Livv
Décisions

CJEC, 1st chamber, September 16, 2004, No C-28/03

COURT OF JUSTICE OF THE EUROPEAN COMMUNITIES

Judgment

PARTIES

Demandeur :

Epikouriko Kefalaio

Défendeur :

Ipourgos Anaptixis

COMPOSITION DE LA JURIDICTION

President of the Chamber :

Jann

Advocate General :

Geelhoed

Judge :

Rosas, von Bahr, Silva de Lapuerta, Lenaerts (Rapporteur)

Advocate :

Gratsia-Plati, Smith

CJEC n° C-28/03

16 septembre 2004

THE COURT (First Chamber),

1 This reference for a preliminary ruling concerns the interpretation of Articles 15 and 16 of First Council Directive 73-239-EEC of 24 July 1973 on the coordination of laws, regulations and administrative provisions relating to the taking-up and pursuit of the business of direct insurance other than life assurance (OJ 1973 L 228, p. 3), as amended by Second Council Directive 88-357-EEC of 22 June 1988 on the coordination of laws, regulations and administrative provisions relating to direct insurance other than life assurance and laying down provisions to facilitate the effective exercise of freedom to provide services and amending Directive 73-239 (OJ 1988 L 172, p. 1) and by Council Directive 92-49-EEC of 18 June 1992 on the coordination of laws, regulations and administrative provisions relating to direct insurance other than life assurance and amending Directives 73-239 and 88-357 (third non-life insurance Directive) (OJ 1992 L 228, p. 1).

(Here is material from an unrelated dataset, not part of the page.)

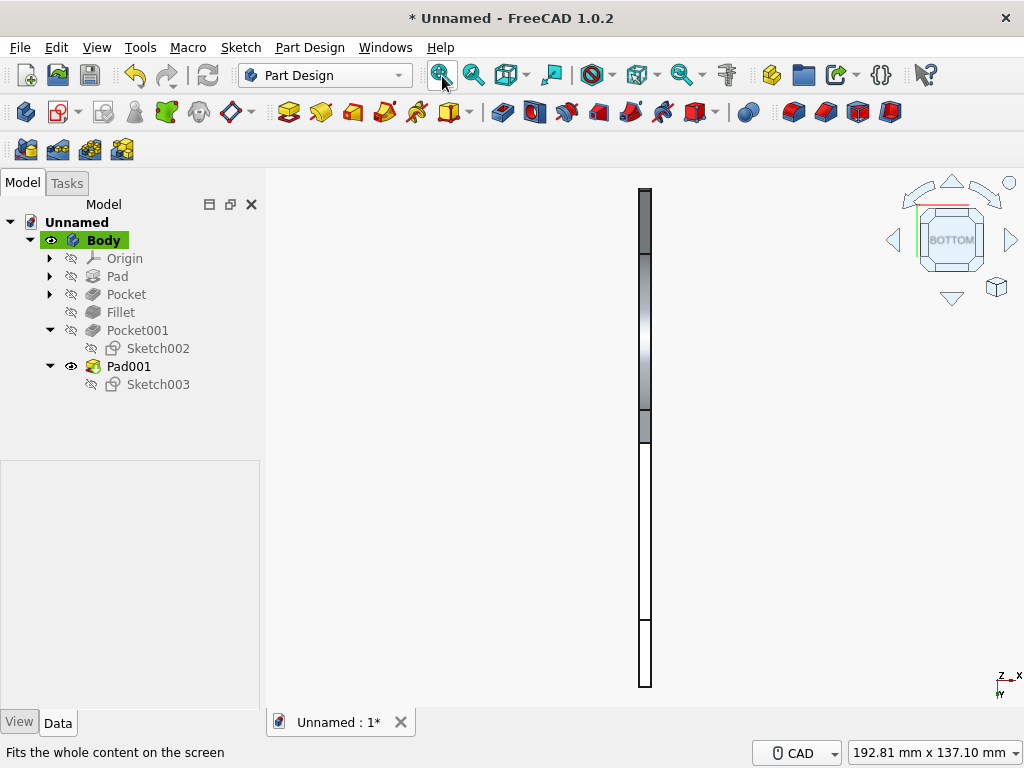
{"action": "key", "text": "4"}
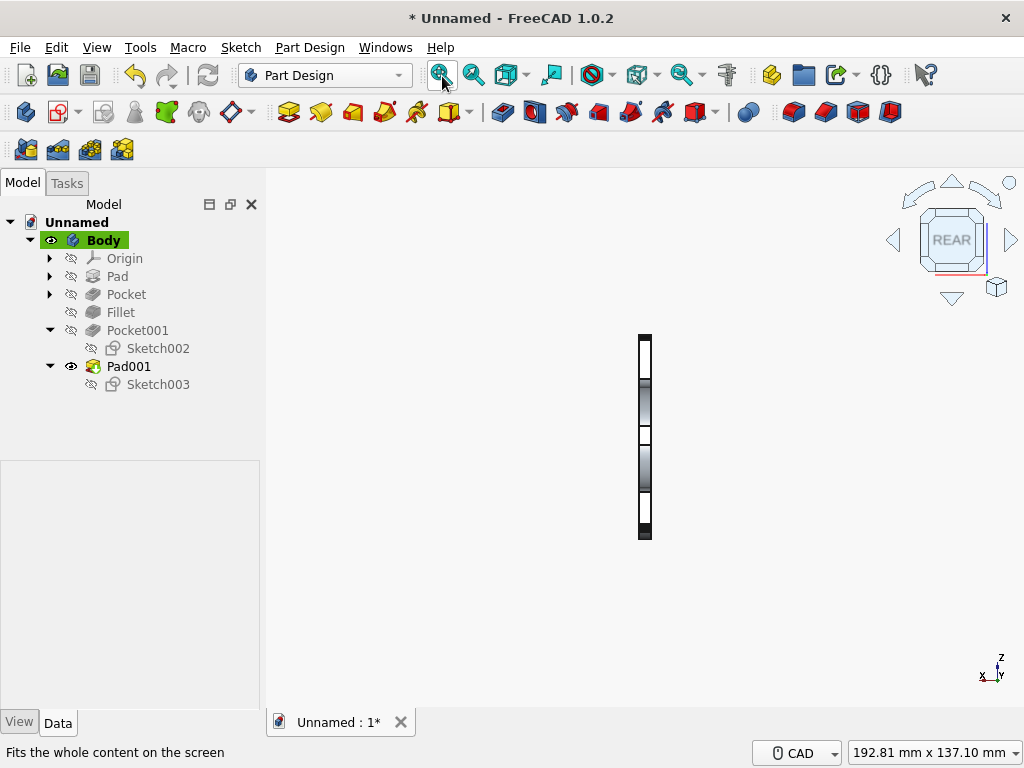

It also concerns Articles 17 and 18 of First Council Directive 79-267-EEC of 5 March 1979 on the coordination of laws, regulations and administrative provisions relating to the taking-up and pursuit of the business of direct life assurance (OJ 1979 L 63, p. 1), as amended by Council Directive 90-619-EEC of 8 November 1990 on the coordination of laws, regulations and administrative provisions relating to direct life assurance, laying down provisions to facilitate the effective exercise of freedom to provide services and amending Directive 79-267 (OJ 1990 L 330, p. 50) and by Council Directive 92-96-EEC of 10 November 1992 on the coordination of laws, regulations and administrative provisions relating to direct life assurance and amending Directives 79-267 and 90-619 (third life assurance Directive) (OJ 1992 L 360, p. 1).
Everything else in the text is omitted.